(Extracted data entries)
┌──

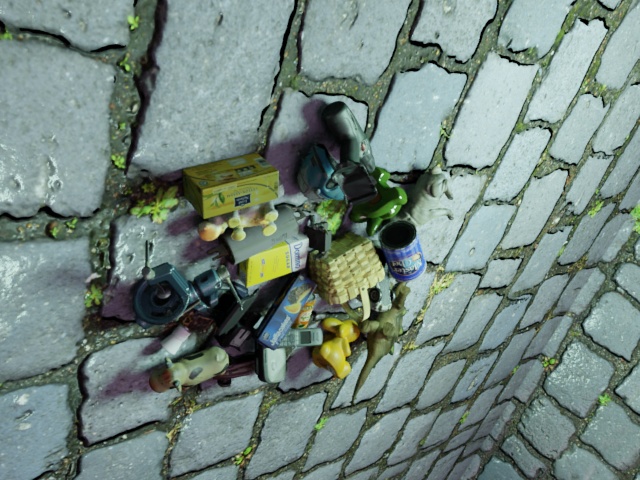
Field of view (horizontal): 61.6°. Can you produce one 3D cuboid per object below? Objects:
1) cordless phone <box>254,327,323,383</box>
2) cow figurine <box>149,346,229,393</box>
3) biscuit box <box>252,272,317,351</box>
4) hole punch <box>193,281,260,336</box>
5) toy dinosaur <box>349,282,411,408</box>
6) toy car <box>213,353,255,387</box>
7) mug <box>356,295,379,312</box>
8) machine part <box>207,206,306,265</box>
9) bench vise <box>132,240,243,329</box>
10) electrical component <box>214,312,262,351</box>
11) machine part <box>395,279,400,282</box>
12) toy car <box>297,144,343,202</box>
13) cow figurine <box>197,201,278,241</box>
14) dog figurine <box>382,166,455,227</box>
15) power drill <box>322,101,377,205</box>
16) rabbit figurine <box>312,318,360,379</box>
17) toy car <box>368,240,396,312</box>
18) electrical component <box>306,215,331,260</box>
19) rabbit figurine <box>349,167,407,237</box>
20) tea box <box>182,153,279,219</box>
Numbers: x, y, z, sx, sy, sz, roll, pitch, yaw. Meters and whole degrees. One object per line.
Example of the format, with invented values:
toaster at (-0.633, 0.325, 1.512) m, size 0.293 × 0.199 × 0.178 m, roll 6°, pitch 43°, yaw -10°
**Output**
cordless phone at (-0.080, 0.300, 1.431) m, size 0.184 × 0.089 × 0.146 m, roll 0°, pitch 83°, yaw -19°
cow figurine at (-0.311, 0.313, 1.287) m, size 0.195 × 0.085 × 0.127 m, roll -16°, pitch 162°, yaw -30°
biscuit box at (-0.090, 0.179, 1.360) m, size 0.059 × 0.063 × 0.202 m, roll 37°, pitch 74°, yaw -17°
hole punch at (-0.224, 0.154, 1.276) m, size 0.142 × 0.092 × 0.115 m, roll -55°, pitch 169°, yaw 5°
toy dinosaur at (0.197, 0.294, 1.678) m, size 0.471 × 0.105 × 0.198 m, roll -56°, pitch 150°, yaw -19°
toy car at (-0.196, 0.345, 1.470) m, size 0.202 × 0.053 × 0.089 m, roll -9°, pitch 130°, yaw -38°
mug at (0.153, 0.166, 1.585) m, size 0.081 × 0.107 × 0.109 m, roll -42°, pitch 138°, yaw -4°
machine part at (-0.137, -0.012, 1.207) m, size 0.243 × 0.079 × 0.079 m, roll -25°, pitch 136°, yaw -23°
bench vise at (-0.296, 0.100, 1.112) m, size 0.224 × 0.129 × 0.240 m, roll -18°, pitch 154°, yaw -4°
electrical component at (-0.203, 0.221, 1.363) m, size 0.074 × 0.048 × 0.119 m, roll 25°, pitch 103°, yaw -49°
machine part at (0.223, 0.061, 1.544) m, size 0.039 × 0.139 × 0.084 m, roll 1°, pitch 128°, yaw -10°
toy car at (0.001, -0.138, 1.221) m, size 0.103 × 0.109 × 0.161 m, roll -27°, pitch 155°, yaw 15°
cow figurine at (-0.179, -0.052, 1.141) m, size 0.167 × 0.098 × 0.068 m, roll -9°, pitch 136°, yaw -12°
dog figurine at (0.255, -0.102, 1.470) m, size 0.191 × 0.121 × 0.172 m, roll -18°, pitch 108°, yaw -10°
power drill at (0.080, -0.176, 1.180) m, size 0.086 × 0.207 × 0.231 m, roll -14°, pitch 136°, yaw 22°
rabbit figurine at (0.052, 0.303, 1.629) m, size 0.173 × 0.122 × 0.162 m, roll -43°, pitch 133°, yaw -26°
toy car at (0.166, 0.100, 1.504) m, size 0.073 × 0.056 × 0.201 m, roll 9°, pitch 73°, yaw -43°
electrical component at (-0.003, -0.003, 1.318) m, size 0.045 × 0.078 × 0.102 m, roll -25°, pitch 129°, yaw -52°
rabbit figurine at (0.159, -0.085, 1.384) m, size 0.159 × 0.121 × 0.170 m, roll -51°, pitch 155°, yaw 10°
tea box at (-0.177, -0.111, 1.076) m, size 0.170 × 0.098 × 0.068 m, roll -18°, pitch 131°, yaw -28°
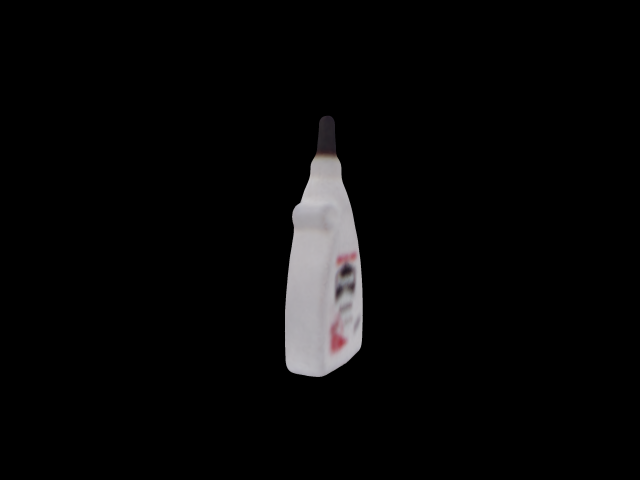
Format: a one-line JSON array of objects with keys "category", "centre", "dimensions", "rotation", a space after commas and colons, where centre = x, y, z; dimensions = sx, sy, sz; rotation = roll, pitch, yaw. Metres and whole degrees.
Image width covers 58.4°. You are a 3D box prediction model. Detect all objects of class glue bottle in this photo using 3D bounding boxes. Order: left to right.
[{"category": "glue bottle", "centre": [0.004, 0.001, 0.400], "dimensions": [0.037, 0.173, 0.078], "rotation": [3, 7, 22]}]
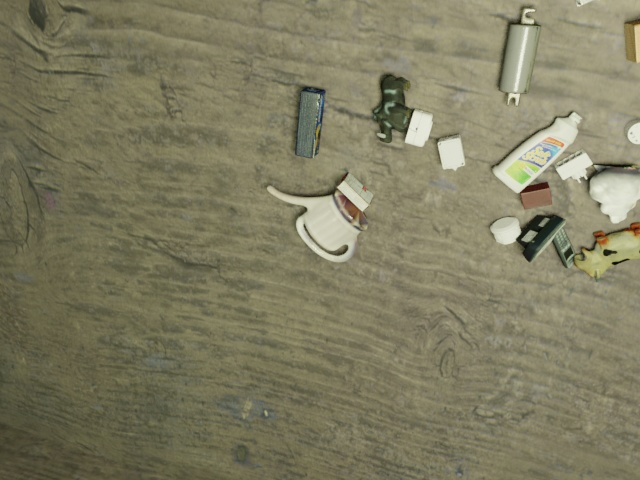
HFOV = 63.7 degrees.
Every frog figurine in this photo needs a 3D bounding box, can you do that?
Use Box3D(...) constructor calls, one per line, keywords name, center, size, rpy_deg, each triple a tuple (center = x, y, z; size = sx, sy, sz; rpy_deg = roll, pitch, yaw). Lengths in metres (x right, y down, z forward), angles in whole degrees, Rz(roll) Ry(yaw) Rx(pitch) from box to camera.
Box3D(name="frog figurine", center=(0.788, -0.119, 1.369), size=(0.137, 0.124, 0.158), rpy_deg=(-2, 101, -4))

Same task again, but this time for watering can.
Box3D(name="watering can", center=(0.005, -0.081, 1.617), size=(0.221, 0.106, 0.345), rpy_deg=(-35, 101, 28))
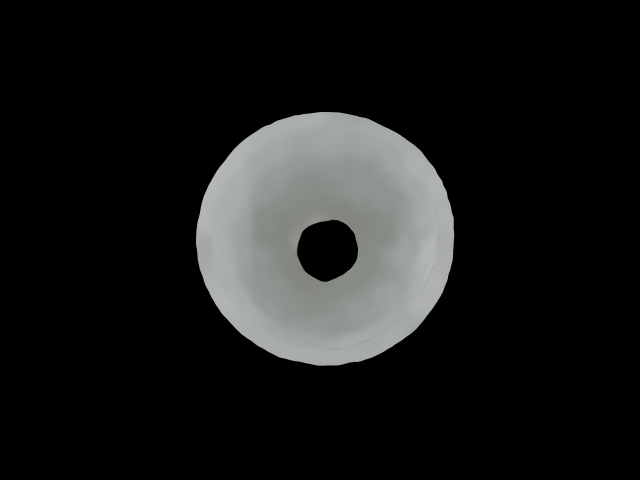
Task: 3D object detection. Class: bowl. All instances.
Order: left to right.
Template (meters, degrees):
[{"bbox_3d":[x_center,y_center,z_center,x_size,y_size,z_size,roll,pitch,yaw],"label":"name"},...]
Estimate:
[{"bbox_3d":[0.004,0.001,0.400,0.167,0.075,0.167,0,81,0],"label":"bowl"}]

└──

**Task instructions**
Leaving out every picture, repeat the records above exactly as they stand.

**Task solution**
Field of view (horizontal): 61.6°. Can you produce one 3D cuboid per object below? Objects:
1) cordless phone <box>254,327,323,383</box>
2) cow figurine <box>149,346,229,393</box>
3) biscuit box <box>252,272,317,351</box>
4) hole punch <box>193,281,260,336</box>
5) toy dinosaur <box>349,282,411,408</box>
6) toy car <box>213,353,255,387</box>
7) mug <box>356,295,379,312</box>
8) machine part <box>207,206,306,265</box>
9) bench vise <box>132,240,243,329</box>
10) electrical component <box>214,312,262,351</box>
11) machine part <box>395,279,400,282</box>
12) toy car <box>297,144,343,202</box>
13) cow figurine <box>197,201,278,241</box>
14) dog figurine <box>382,166,455,227</box>
15) power drill <box>322,101,377,205</box>
16) rabbit figurine <box>312,318,360,379</box>
17) toy car <box>368,240,396,312</box>
18) electrical component <box>306,215,331,260</box>
19) rabbit figurine <box>349,167,407,237</box>
20) tea box <box>182,153,279,219</box>
Numbers: x, y, z, sx, sy, sz, roll, pitch, yaw. Meters and whole degrees. One object per line.
Example of the format, with invented values:
toaster at (-0.633, 0.325, 1.512) m, size 0.293 × 0.199 × 0.178 m, roll 6°, pitch 43°, yaw -10°
**Output**
cordless phone at (-0.080, 0.300, 1.431) m, size 0.184 × 0.089 × 0.146 m, roll 0°, pitch 83°, yaw -19°
cow figurine at (-0.311, 0.313, 1.287) m, size 0.195 × 0.085 × 0.127 m, roll -16°, pitch 162°, yaw -30°
biscuit box at (-0.090, 0.179, 1.360) m, size 0.059 × 0.063 × 0.202 m, roll 37°, pitch 74°, yaw -17°
hole punch at (-0.224, 0.154, 1.276) m, size 0.142 × 0.092 × 0.115 m, roll -55°, pitch 169°, yaw 5°
toy dinosaur at (0.197, 0.294, 1.678) m, size 0.471 × 0.105 × 0.198 m, roll -56°, pitch 150°, yaw -19°
toy car at (-0.196, 0.345, 1.470) m, size 0.202 × 0.053 × 0.089 m, roll -9°, pitch 130°, yaw -38°
mug at (0.153, 0.166, 1.585) m, size 0.081 × 0.107 × 0.109 m, roll -42°, pitch 138°, yaw -4°
machine part at (-0.137, -0.012, 1.207) m, size 0.243 × 0.079 × 0.079 m, roll -25°, pitch 136°, yaw -23°
bench vise at (-0.296, 0.100, 1.112) m, size 0.224 × 0.129 × 0.240 m, roll -18°, pitch 154°, yaw -4°
electrical component at (-0.203, 0.221, 1.363) m, size 0.074 × 0.048 × 0.119 m, roll 25°, pitch 103°, yaw -49°
machine part at (0.223, 0.061, 1.544) m, size 0.039 × 0.139 × 0.084 m, roll 1°, pitch 128°, yaw -10°
toy car at (0.001, -0.138, 1.221) m, size 0.103 × 0.109 × 0.161 m, roll -27°, pitch 155°, yaw 15°
cow figurine at (-0.179, -0.052, 1.141) m, size 0.167 × 0.098 × 0.068 m, roll -9°, pitch 136°, yaw -12°
dog figurine at (0.255, -0.102, 1.470) m, size 0.191 × 0.121 × 0.172 m, roll -18°, pitch 108°, yaw -10°
power drill at (0.080, -0.176, 1.180) m, size 0.086 × 0.207 × 0.231 m, roll -14°, pitch 136°, yaw 22°
rabbit figurine at (0.052, 0.303, 1.629) m, size 0.173 × 0.122 × 0.162 m, roll -43°, pitch 133°, yaw -26°
toy car at (0.166, 0.100, 1.504) m, size 0.073 × 0.056 × 0.201 m, roll 9°, pitch 73°, yaw -43°
electrical component at (-0.003, -0.003, 1.318) m, size 0.045 × 0.078 × 0.102 m, roll -25°, pitch 129°, yaw -52°
rabbit figurine at (0.159, -0.085, 1.384) m, size 0.159 × 0.121 × 0.170 m, roll -51°, pitch 155°, yaw 10°
tea box at (-0.177, -0.111, 1.076) m, size 0.170 × 0.098 × 0.068 m, roll -18°, pitch 131°, yaw -28°
Format: a one-line JSON array of objects with keys "category", "centre", "dimensions", "rotation", a space after commas and colons, where centre = x, y, z; dimensions = sx, sy, sz; rotation = roll, pitch, yaw. Metres and whole degrees.
Image width covers 58.4°. You are a 3D box prediction model. Detect all objects of class glue bottle in this photo using 3D bounding boxes. Order: left to right.
[{"category": "glue bottle", "centre": [0.004, 0.001, 0.400], "dimensions": [0.037, 0.173, 0.078], "rotation": [3, 7, 22]}]
HFOV = 63.7 degrees.
Every frog figurine in this photo needs a 3D bounding box, can you do that?
Use Box3D(...) constructor calls, one per line, keywords name, center, size, rpy_deg, each triple a tuple (center = x, y, z; size = sx, sy, sz; rpy_deg = roll, pitch, yaw). Lengths in metres (x right, y down, z forward), angles in whole degrees, Rz(roll) Ry(yaw) Rx(pitch) from box to camera.
Box3D(name="frog figurine", center=(0.788, -0.119, 1.369), size=(0.137, 0.124, 0.158), rpy_deg=(-2, 101, -4))

Same task again, but this time for watering can.
Box3D(name="watering can", center=(0.005, -0.081, 1.617), size=(0.221, 0.106, 0.345), rpy_deg=(-35, 101, 28))
Task: 3D object detection. Class: bowl. All instances.
Order: left to right.
Template (meters, degrees):
[{"bbox_3d":[x_center,y_center,z_center,x_size,y_size,z_size,roll,pitch,yaw],"label":"name"},...]
Estimate:
[{"bbox_3d":[0.004,0.001,0.400,0.167,0.075,0.167,0,81,0],"label":"bowl"}]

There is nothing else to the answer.